Problem to solve
In the records below, find each line that holds "linetype" and return it.

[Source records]
+---+
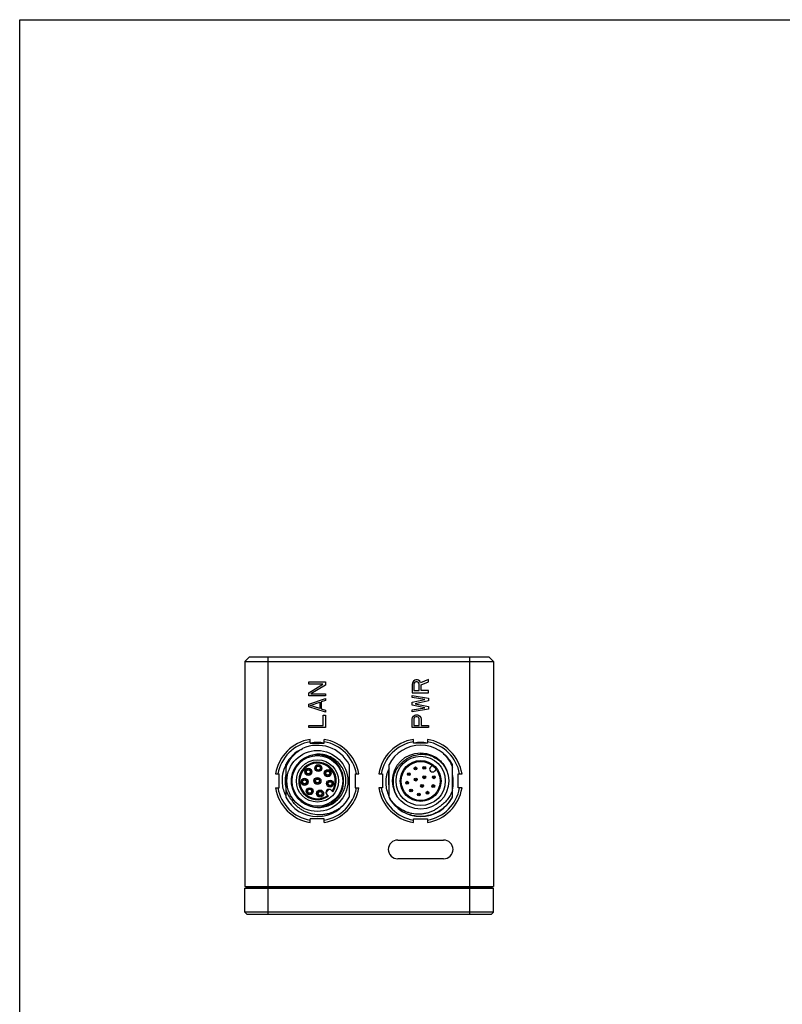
# Model space of a CAD drawing. Header units: millimetres. Extents: x 0 to 594, y 0 to 420.
# Tile 3 of 7: x 0 to 163, y 210 to 420. Entities that reach past the tile are written whole.
import ezdxf

# ---------------------------------------------------------------- set-up
doc = ezdxf.new("R2010")
doc.units = ezdxf.units.MM
doc.header["$LTSCALE"] = 32.67
doc.layers.get('0').update_dxf_attribs({"linetype": 'CONTINUOUS'})
doc.layers.add('00_COMPONENTS', color=7, linetype='CONTINUOUS')

msp = doc.modelspace()

# ---------------------------------------------------------------- linework, layer by layer
at = {"color": 7}
for p, q in [((0, 0), (0, 420)), ((0, 420), (594, 420))]:
    msp.add_line(p, q, dxfattribs=at)
at = {"layer": '00_COMPONENTS', "color": 7}
for p, q in [((48.96, 284.139), (47.96, 283.139)), ((48.96, 284.139), (99.96, 284.139)), ((99.96, 284.139), (100.96, 283.139)), ((47.96, 283.139), (47.96, 235.139)), ((47.96, 283.139), (100.96, 283.139)), ((100.96, 283.139), (100.96, 235.139)), ((61.897, 265.713), (61.897, 266.513)), ((61.897, 265.713), (64.897, 265.713)), ((64.897, 265.713), (64.897, 266.513)), ((83.897, 265.713), (83.897, 266.513)), ((86.897, 265.713), (83.897, 265.713)), ((86.897, 266.513), (86.897, 265.713)), ((90.306, 263.454), (90.326, 263.477)), ((56.71, 260.389), (56.71, 261.131)), ((63.502, 260.764), (63.502, 260.911)), ((63.802, 260.911), (63.802, 260.764)), ((70.21, 261.131), (70.21, 254.146)), ((78.71, 254.146), (78.71, 261.131)), ((87.546, 260.573), (87.939, 260.967)), ((92.21, 254.146), (92.21, 261.131)), ((54.523, 259.139), (55.323, 259.139)), ((55.323, 256.139), (55.323, 259.139)), ((56.61, 258.403), (56.61, 256.875)), ((56.71, 260.389), (56.71, 254.146)), ((61.365, 259.965), (61.365, 260.112)), ((61.365, 259.055), (61.365, 259.202)), ((61.665, 260.112), (61.665, 259.965)), ((61.665, 259.202), (61.665, 259.055)), ((63.502, 259.854), (63.502, 260.001)), ((63.802, 260.001), (63.802, 259.853)), ((65.506, 259.676), (65.506, 259.823)), ((65.506, 258.765), (65.506, 258.912)), ((65.806, 259.823), (65.806, 259.676)), ((65.806, 258.912), (65.806, 258.765)), ((71.471, 259.139), (72.271, 259.139)), ((71.471, 259.139), (71.471, 256.139)), ((76.523, 259.139), (77.323, 259.139)), ((77.323, 259.139), (77.323, 256.139)), ((78.61, 260.062), (78.61, 256.875)), ((88.788, 260.118), (88.394, 259.725)), ((91.078, 259.745), (91.054, 259.736)), ((93.471, 259.139), (94.271, 259.139)), ((93.471, 256.139), (93.471, 259.139)), ((60.567, 257.829), (60.567, 257.976)), ((60.567, 256.919), (60.567, 257.066)), ((60.867, 257.976), (60.867, 257.829)), ((60.867, 257.066), (60.867, 256.918)), ((63.31, 258.021), (63.31, 258.168)), ((63.31, 257.11), (63.31, 257.257)), ((63.61, 258.168), (63.61, 258.021)), ((63.61, 257.257), (63.61, 257.11)), ((66, 257.449), (66, 257.596)), ((66, 256.539), (66, 256.686)), ((66.3, 257.596), (66.3, 257.449)), ((66.3, 256.686), (66.3, 256.538)), ((54.523, 256.139), (55.323, 256.139)), ((61.655, 255.824), (61.655, 255.972)), ((61.655, 254.914), (61.655, 255.061)), ((61.955, 255.971), (61.955, 255.824)), ((61.955, 255.061), (61.955, 254.914)), ((63.882, 255.331), (63.882, 255.478)), ((63.882, 254.42), (63.882, 254.567)), ((64.182, 255.478), (64.182, 255.331)), ((64.182, 254.567), (64.182, 254.42)), ((65.791, 254.389), (65.44, 254.74)), ((66.359, 255.659), (66.71, 255.308)), ((71.471, 256.139), (72.271, 256.139)), ((77.323, 256.139), (76.523, 256.139)), ((94.271, 256.139), (93.471, 256.139)), ((64.897, 249.565), (61.897, 249.565)), ((61.897, 248.765), (61.897, 249.565)), ((64.897, 248.765), (64.897, 249.565)), ((83.897, 249.565), (86.897, 249.565)), ((83.897, 248.765), (83.897, 249.565)), ((86.897, 249.565), (86.897, 248.765)), ((80.56, 245.039), (90.36, 245.039)), ((90.36, 241.039), (80.56, 241.039)), ((47.96, 235.139), (100.96, 235.139)), ((47.96, 234.739), (100.96, 234.739)), ((47.96, 229.639), (47.96, 234.739)), ((48.26, 235.039), (100.66, 235.039)), ((48.26, 235.039), (48.26, 234.739)), ((49.06, 235.039), (49.06, 235.139)), ((99.86, 235.039), (99.86, 235.139)), ((100.66, 235.039), (100.66, 234.739)), ((100.96, 229.639), (100.96, 234.739)), ((100.96, 229.639), (47.96, 229.639)), ((48.46, 229.139), (47.96, 229.639)), ((100.46, 229.139), (48.46, 229.139)), ((100.46, 229.139), (100.96, 229.639))]:
    msp.add_line(p, q, dxfattribs=at)
at = {"layer": '00_COMPONENTS', "color": 4}
for p, q in [((52.96, 229.139), (52.96, 284.139)), ((95.96, 229.139), (95.96, 284.139)), ((61.63, 278.305), (61.63, 278.746)), ((61.63, 278.746), (65.16, 278.746)), ((61.63, 276.467), (64.634, 278.305)), ((64.634, 278.305), (61.63, 278.305)), ((65.16, 278.085), (62.081, 276.246)), ((65.16, 278.746), (65.16, 278.085)), ((83.705, 278.599), (83.63, 278.232)), ((83.63, 278.232), (83.63, 276.467)), ((83.93, 278.894), (83.705, 278.599)), ((84.231, 279.114), (83.93, 278.894)), ((84.081, 278.526), (84.005, 278.305)), ((84.005, 278.305), (84.005, 276.908)), ((84.231, 278.673), (84.081, 278.526)), ((84.456, 279.188), (84.231, 279.114)), ((84.456, 278.746), (84.231, 278.673)), ((84.756, 279.188), (84.456, 279.188)), ((84.681, 278.746), (84.456, 278.746)), ((84.907, 278.673), (84.681, 278.746)), ((84.982, 279.114), (84.756, 279.188)), ((85.057, 278.526), (84.907, 278.673)), ((85.282, 278.894), (84.982, 279.114)), ((85.132, 278.305), (85.057, 278.526)), ((85.132, 276.908), (85.132, 278.305)), ((85.432, 278.599), (85.282, 278.894)), ((87.16, 279.261), (85.432, 278.599)), ((85.583, 278.158), (87.16, 278.746)), ((85.583, 276.908), (85.583, 278.158)), ((87.16, 278.746), (87.16, 279.261)), ((61.63, 275.805), (61.63, 276.467)), ((65.16, 275.805), (61.63, 275.805)), ((61.63, 274.04), (65.16, 275.216)), ((62.081, 276.246), (65.16, 276.246)), ((65.16, 276.246), (65.16, 275.805)), ((65.16, 275.216), (65.16, 274.775)), ((83.63, 276.467), (87.16, 276.467)), ((83.63, 275.878), (87.16, 275.29)), ((83.63, 275.437), (83.63, 275.878)), ((86.334, 274.996), (83.63, 275.437)), ((84.005, 276.908), (85.132, 276.908)), ((87.16, 276.908), (85.583, 276.908)), ((87.16, 276.467), (87.16, 276.908)), ((87.16, 275.29), (87.16, 274.702)), ((61.63, 273.451), (61.63, 274.04)), ((65.16, 272.275), (61.63, 273.451)), ((61.93, 273.746), (63.958, 274.407)), ((63.958, 273.084), (61.93, 273.746)), ((63.958, 274.407), (63.958, 273.084)), ((65.16, 274.775), (64.259, 274.481)), ((64.259, 274.481), (64.259, 273.01)), ((64.259, 273.01), (65.16, 272.716)), ((83.63, 274.407), (86.334, 274.996)), ((83.63, 273.819), (83.63, 274.407)), ((86.334, 273.231), (83.63, 273.819)), ((83.63, 272.79), (86.334, 273.231)), ((87.16, 274.702), (84.306, 274.113)), ((84.306, 274.113), (87.16, 273.525)), ((87.16, 273.525), (87.16, 272.937)), ((64.709, 271.686), (65.16, 271.686)), ((64.709, 269.48), (64.709, 271.686)), ((65.16, 272.716), (65.16, 272.275)), ((65.16, 271.686), (65.16, 269.039)), ((87.16, 272.937), (83.63, 272.348)), ((83.63, 272.348), (83.63, 272.79)), ((83.63, 270.804), (83.705, 271.172)), ((83.705, 271.172), (83.93, 271.466)), ((83.93, 271.466), (84.231, 271.686)), ((84.081, 271.098), (84.005, 270.877)), ((84.231, 271.245), (84.081, 271.098)), ((84.231, 271.686), (84.456, 271.76)), ((84.456, 271.319), (84.231, 271.245)), ((84.456, 271.76), (84.756, 271.76)), ((84.681, 271.319), (84.456, 271.319)), ((84.907, 271.245), (84.681, 271.319)), ((84.756, 271.76), (84.982, 271.686)), ((85.057, 271.098), (84.907, 271.245)), ((84.982, 271.686), (85.282, 271.466)), ((85.132, 270.877), (85.057, 271.098)), ((85.282, 271.466), (85.508, 271.172)), ((85.508, 271.172), (85.583, 270.804)), ((61.63, 269.48), (64.709, 269.48)), ((61.63, 269.039), (61.63, 269.48)), ((65.16, 269.039), (61.63, 269.039)), ((83.63, 269.039), (83.63, 270.804)), ((87.16, 269.039), (83.63, 269.039)), ((84.005, 270.877), (84.005, 269.48)), ((84.005, 269.48), (85.132, 269.48)), ((85.132, 269.48), (85.132, 270.877)), ((85.583, 270.804), (85.583, 269.48)), ((85.583, 269.48), (87.16, 269.48)), ((87.16, 269.48), (87.16, 269.039)), ((78.503, 259.777), (78.71, 259.713)), ((70.227, 257.639), (70.21, 257.639))]:
    msp.add_line(p, q, dxfattribs=at)
at = {"layer": '00_COMPONENTS', "color": 7}
for centre, radius in [((63.46, 257.639), 6.5), ((63.46, 257.639), 5.4), ((85.46, 257.639), 6), ((85.46, 257.639), 5.25), ((63.46, 257.639), 4.5), ((63.652, 260.382), 0.75), ((63.652, 260.382), 0.55), ((63.652, 260.382), 0.41), ((85.46, 257.639), 4.35), ((85.46, 257.639), 4.15), ((84.368, 260.325), 0.3), ((84.368, 260.325), 0.127), ((86.235, 260.433), 0.3), ((86.235, 260.433), 0.127), ((61.515, 259.583), 0.75), ((61.515, 259.583), 0.55), ((61.515, 259.583), 0.41), ((63.46, 257.639), 0.75), ((65.656, 259.294), 0.75), ((65.656, 259.294), 0.55), ((65.656, 259.294), 0.41), ((82.955, 259.1), 0.3), ((82.955, 259.1), 0.127), ((86.238, 258.417), 0.3), ((86.238, 258.417), 0.127), ((88.254, 258.414), 0.3), ((88.254, 258.414), 0.127), ((60.717, 257.447), 0.75), ((60.717, 257.447), 0.55), ((60.717, 257.447), 0.41), ((63.46, 257.639), 0.55), ((63.46, 257.639), 0.41), ((66.15, 257.067), 0.75), ((66.15, 257.067), 0.55), ((66.15, 257.067), 0.41), ((82.584, 257.267), 0.3), ((82.584, 257.267), 0.127), ((84.397, 257.924), 0.3), ((84.397, 257.924), 0.127), ((85.745, 256.576), 0.3), ((85.745, 256.576), 0.127), ((88.146, 256.547), 0.3), ((88.146, 256.547), 0.127), ((61.805, 255.443), 0.75), ((61.805, 255.443), 0.55), ((61.805, 255.443), 0.41), ((64.032, 254.949), 0.75), ((64.032, 254.949), 0.55), ((64.032, 254.949), 0.41), ((83.409, 255.588), 0.3), ((83.409, 255.588), 0.127), ((85.088, 254.763), 0.3), ((85.088, 254.763), 0.127), ((86.921, 255.134), 0.3), ((86.921, 255.134), 0.127)]:
    msp.add_circle(centre, radius, dxfattribs=at)
for centre, radius, start, end in [((63.397, 257.639), 9, 99.59411, 170.40589), ((63.397, 257.639), 8.5, 100.16429, 169.83572), ((63.46, 257.639), 7.6, 27.35733, 114.86201), ((63.46, 258.139), 7.7, 79.63724, 100.36276), ((63.46, 257.639), 8.15, 82.28512, 97.71488), ((63.397, 257.639), 9, 9.59429, 80.40586), ((63.397, 257.639), 8.5, 10.16445, 79.83571), ((85.397, 257.639), 9, 99.59411, 170.40589), ((85.397, 257.639), 8.5, 100.16429, 169.83572), ((85.46, 257.639), 7.6, 27.35733, 152.64267), ((85.46, 258.139), 7.7, 79.63724, 100.36276), ((85.397, 257.639), 9, 9.59429, 80.40586), ((85.397, 257.639), 8.5, 10.16445, 79.83571), ((63.46, 257.639), 7.6, 115.06638, 152.64267), ((63.46, 257.639), 5.6, 107.86737, 107.8407), ((63.401, 257.639), 7.496, 153.21197, 184.58082), ((63.46, 257.639), 4, 324.35204, 305.64796), ((63.46, 257.639), 3.8, 324.84903, 305.15097), ((85.374, 257.72), 5.428, 122.60247, 124.20855), ((87.97, 260.149), 0.6, 135, 315), ((85.605, 257.753), 7.375, 26.41631, 27.08562), ((63.397, 257.639), 6.83, 168.25688, 191.74312), ((85.397, 257.639), 6.83, 168.25688, 173.58065), ((63.397, 257.639), 6.83, 355.951, 4.049), ((85.397, 257.639), 6.83, 186.41934, 191.74312), ((85.397, 257.639), 6.83, 355.951, 4.049), ((63.397, 257.639), 9, 189.59401, 260.40591), ((63.397, 257.639), 8.5, 190.16419, 259.83573), ((63.229, 257.984), 6.897, 199.07212, 222.22852), ((63.46, 257.639), 7.6, 207.35733, 332.64267), ((63.397, 257.639), 9, 279.59382, 350.40594), ((63.397, 257.639), 8.5, 280.16403, 349.83573), ((63.46, 257.639), 3.027, 306.23906, 323.76094), ((65.899, 255.199), 0.65, 45, 225), ((85.397, 257.639), 9, 189.594, 260.40591), ((85.397, 257.639), 8.5, 190.16419, 259.83573), ((85.46, 257.639), 7.6, 207.35733, 332.64267), ((85.397, 257.639), 9, 279.59382, 350.40594), ((85.397, 257.639), 8.5, 280.16403, 349.83573), ((85.507, 257.61), 7.488, 332.67607, 333.52508), ((80.56, 243.039), 2, 90.00005, 269.99995), ((90.36, 243.039), 2, 270.00005, 89.99995)]:
    msp.add_arc(centre, radius, start, end, dxfattribs=at)
for points, knots in [([(56.71, 260.389), (56.861, 260.829), (57.249, 261.682), (58.062, 262.827), (59.072, 263.8), (59.854, 264.316), (60.265, 264.535)], [0, 0, 0, 0, 0.2500012, 0.4999872, 0.7499851, 1, 1, 1, 1]), ([(69.544, 258.056), (69.519, 258.276), (69.445, 258.713), (69.264, 259.353), (69.013, 259.969), (68.588, 260.746), (67.901, 261.623), (66.864, 262.466), (65.661, 263.049), (64.575, 263.299), (63.69, 263.345), (62.807, 263.284), (62.155, 263.123), (61.742, 262.968)], [0, 0, 0, 0, 0.0625673, 0.1251314, 0.187696, 0.2502607, 0.3751998, 0.5001228, 0.6250457, 0.749967, 0.8125282, 0.8750897, 1, 1, 1, 1]), ([(82.323, 262.208), (82.67, 262.47), (83.241, 262.801), (84.059, 263.099), (84.907, 263.301), (86.001, 263.371), (87.299, 263.155), (88.511, 262.646), (89.402, 262.007), (90.018, 261.39), (90.427, 260.88), (90.778, 260.328), (90.969, 259.936), (91.054, 259.736)], [0, 0, 0, 0, 0.1249043, 0.1874621, 0.2500244, 0.3749491, 0.499876, 0.6248037, 0.7497414, 0.8123061, 0.8748689, 0.9374447, 1, 1, 1, 1]), ([(88.438, 262.848), (88.735, 262.675), (89.3, 262.277), (90.033, 261.544), (90.631, 260.699), (90.928, 260.074), (91.048, 259.752)], [0, 0, 0, 0, 0.2500083, 0.5000042, 0.7500103, 1, 1, 1, 1]), ([(90.306, 263.454), (90.728, 263.058), (91.483, 262.164), (92.011, 261.12), (92.21, 260.576)], [0, 0, 0, 0, 0.4999979, 1, 1, 1, 1]), ([(90.307, 263.455), (90.69, 263.131), (91.395, 262.407), (91.943, 261.558), (92.171, 261.111)], [0, 0, 0, 0, 0.4999859, 1, 1, 1, 1]), ([(80.983, 253.644), (80.724, 253.96), (80.383, 254.476), (80.043, 255.221), (79.782, 255.997), (79.606, 257.011), (79.656, 258.245), (79.973, 259.438), (80.538, 260.536), (81.323, 261.489), (81.974, 261.996), (82.323, 262.208)], [0, 0, 0, 0, 0.1249932, 0.1875695, 0.2501479, 0.3751372, 0.5001174, 0.6250954, 0.7500729, 0.8750388, 1, 1, 1, 1]), ([(78.709, 254.432), (78.527, 254.849), (78.237, 255.72), (78.057, 257.083), (78.12, 258.228), (78.296, 259.124), (78.427, 259.562), (78.503, 259.777)], [0, 0, 0, 0, 0.24994, 0.4998658, 0.7497994, 0.8749001, 1, 1, 1, 1]), ([(78.71, 260.3), (78.672, 260.214), (78.6, 260.041), (78.534, 259.866), (78.503, 259.777)], [0, 0, 0, 0, 0.4999951, 1, 1, 1, 1]), ([(92.21, 255.685), (92.345, 256.234), (92.481, 257.369), (92.346, 258.505), (92.21, 259.054)], [0, 0, 0, 0, 0.5000119, 1, 1, 1, 1]), ([(55.929, 257.04), (55.982, 256.596), (56.166, 255.713), (56.504, 254.878), (56.71, 254.48)], [0, 0, 0, 0, 0.5000021, 1, 1, 1, 1]), ([(62.491, 252.124), (62.707, 252.075), (63.144, 252.003), (63.808, 251.975), (64.471, 252.024), (65.34, 252.19), (66.382, 252.583), (67.493, 253.324), (68.404, 254.301), (69.073, 255.456), (69.477, 256.727), (69.554, 257.615), (69.544, 258.056)], [0, 0, 0, 0, 0.0625627, 0.1251463, 0.187715, 0.2502869, 0.3752302, 0.5001772, 0.6251232, 0.7500803, 0.8750382, 1, 1, 1, 1]), ([(89.433, 252.121), (89.234, 251.957), (88.816, 251.65), (88.141, 251.266), (87.427, 250.959), (86.684, 250.733), (85.921, 250.59), (84.889, 250.514), (83.851, 250.607), (82.849, 250.864), (81.88, 251.228), (80.75, 251.872), (79.588, 252.911), (78.971, 253.75), (78.71, 254.195)], [0, 0, 0, 0, 0.0625409, 0.1250811, 0.1876227, 0.2501651, 0.3127078, 0.3752504, 0.5001546, 0.5626975, 0.6252414, 0.7501577, 0.8750744, 1, 1, 1, 1]), ([(92.16, 254.173), (91.845, 253.563), (91.243, 252.707), (90.238, 251.766), (89.395, 251.166), (88.478, 250.685), (87.182, 250.22), (86.146, 250.072), (85.46, 250.068)], [0, 0, 0, 0, 0.249725, 0.3748635, 0.5000063, 0.6251472, 0.7502846, 1, 1, 1, 1]), ([(92.21, 255.571), (92.079, 255.22), (91.76, 254.536), (91.126, 253.601), (90.35, 252.779), (89.75, 252.322), (89.433, 252.121)], [0, 0, 0, 0, 0.2500116, 0.5000098, 0.749999, 1, 1, 1, 1]), ([(69.507, 253.035), (69.33, 252.828), (68.952, 252.431), (68.324, 251.901), (67.643, 251.444), (66.915, 251.062), (66.151, 250.762), (65.358, 250.548), (64.546, 250.424), (63.452, 250.383), (62.088, 250.571), (60.802, 251.064), (59.863, 251.625), (59.211, 252.125), (58.623, 252.698), (58.279, 253.125), (58.121, 253.348)], [0, 0, 0, 0, 0.0625203, 0.1250544, 0.1875786, 0.2501047, 0.3126314, 0.3751579, 0.4376863, 0.5002153, 0.6250627, 0.7499071, 0.812432, 0.8749523, 0.9374825, 1, 1, 1, 1]), ([(85.46, 250.068), (85.037, 250.065), (84.189, 250.132), (82.954, 250.443), (81.786, 250.953), (81.075, 251.419), (80.742, 251.68)], [0, 0, 0, 0, 0.2499906, 0.5000006, 0.7499952, 1, 1, 1, 1])]:
    msp.add_open_spline(points, degree=3, knots=knots, dxfattribs=at)

doc.saveas('drawing.dxf')
+---+
Answer box
doc.layers.get('0').update_dxf_attribs({"linetype": 'CONTINUOUS'})
doc.layers.add('00_COMPONENTS', color=7, linetype='CONTINUOUS')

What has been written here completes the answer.